Majority of times, engineering takes scientific discoveries forward in the form of products and utilitarian services. At times, engineering plays second fiddle to scientific projects‐‐‐It helps in next‐ level of scientific discoveries through infrastructural support. Let us consider Large Hadron Collider mega project recently conducted in CERN, Geneva. The very simulation of Big Bang has been an engineering feat‐‐‐this has been a pre‐requisite to determine what happens after the big bang event. Support role of engineering should not be misconstrued as engineering trivia. One mouse can bother an elephant! One bird can hit a plane and knock it down. We recently found that Dreamliners have used, instead of Nickel Hydride, Li‐ion batteries that produce twice the energy in half the space. However, pressure, and heat wear out the insulation and may cause short‐circuit resulting in fire on flight path. We truly understand the importance of Smart‐Auxiliary Engineering when we analyze how all Dreamliner flights were grounded worldwide because of batteries!

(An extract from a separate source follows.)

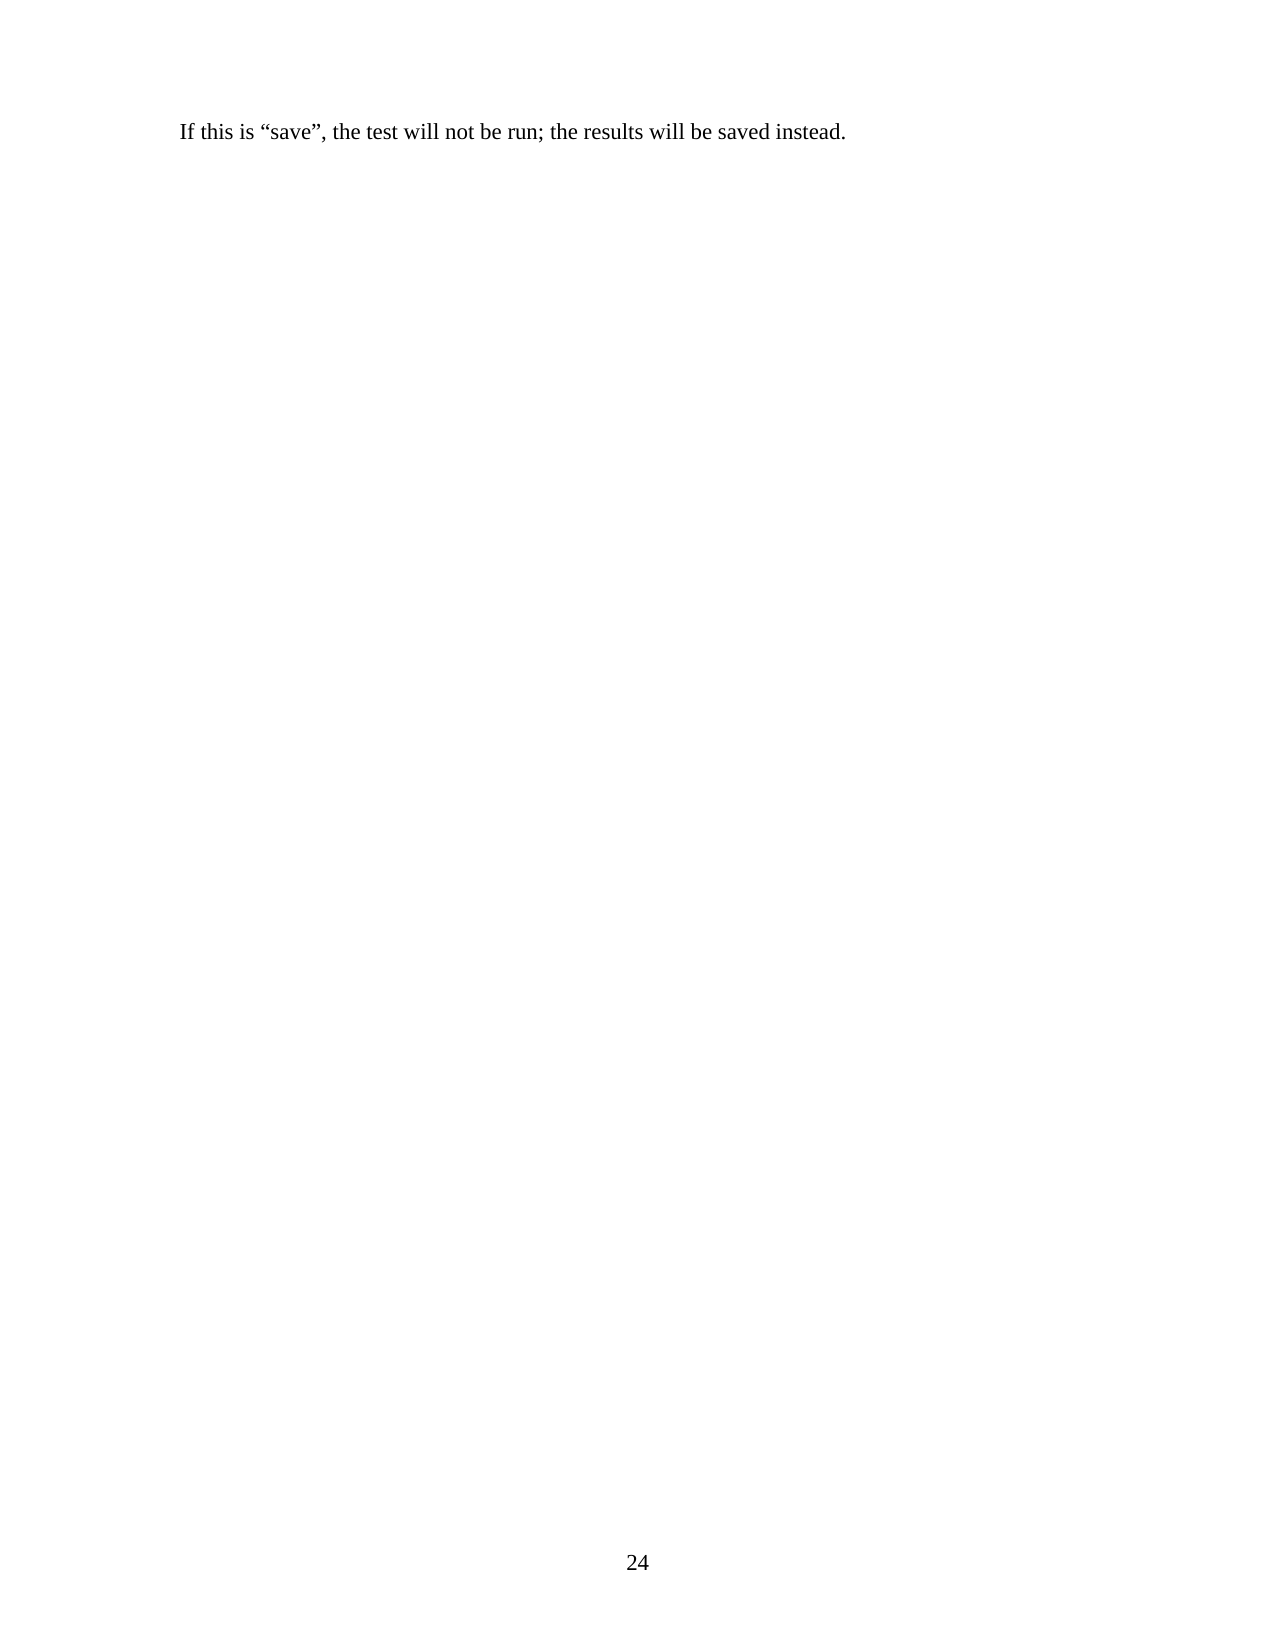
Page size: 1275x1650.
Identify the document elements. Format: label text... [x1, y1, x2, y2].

list If this is “save”, the test will not be run; the results will be saved instead. [118, 118, 1157, 144]

Benefits that science bring are transpired through technology products in daily life. In order to promote green concept, we are reducing use of thermal energy and going for solar and nuclear energy. Not just the power generation, smart grids are being conceived for better power distribution. Sustainable Engineering encourages that we build products that consume less energy and make a zero‐sum game with environment. Let us take example of electronic circuitry. Researchers have progressed to operate digital chipsets in 1.8 V instead of 3V or 5V. Energy‐aware protocols have also been designed. These techniques substantially help in overall power reduction for electronics equipments. Sustainable engineering addresses concerns around energy consumption, electro‐magnetic radiation hazard produced by cell towers and so on. How to reduce contamination and even re‐purify natural resources for our well being is the concept behind sustainable engineering that impacts product design phase
It looks gorgeous when city parks decorate vegetation in the form of horse or elephant! We can also design usable products inspired by flora and fauna. Cranes are built mimicking long‐necked giraffe. Mercedes‐Benz bionic concept vehicle has been designed understanding low coefficient of drag and rigid exo‐skeleton of Boxfish. In Japan, the first design of bullet train running at 200 mph had been an engineering marvel, but had one problem: as it comes of a tunnel, it produced a loud noise. This problem was resolved by studying beak of kingfisher as it swoops down to catch fish, touch the water surface and then go back up. Look at our national flower lotus. The lotus leaves manage to remain free of contaminants as they possess a field of small bumps and dust is easily picked up by water drops. The same principle is used in exterior paints, textiles and so on. Nature‐Inspired Engineering study objects and phenomena from nature to understand how a fundamental scientific principle works in daily life and apply the notions in product design.
Engineering foundations that are based on strong theory and driven by science can be quite forward‐looking. Information theory to game theory, number theory to string theory all have been playing role in telecommunication, cryptography and other associated areas. Let us think about how physical world and digital world are fusing! Technology is moving from virtual reality to augmented reality. User interactions are changing from touch‐base to gesture‐controlled. Integration of audio, visual and haptic feedback is becoming part of next user interaction. Let us consider quantum cryptography as another example of Forward‐Looking Engineering. Quantum computing uses qubits with superposition and entanglement. Using these basic principles, quantum teleportation allows same entity to be in two places simultaneously, but observation decoheres. Forward‐looking engineering aims to manifest scientific ideas or even science fiction concepts to reality.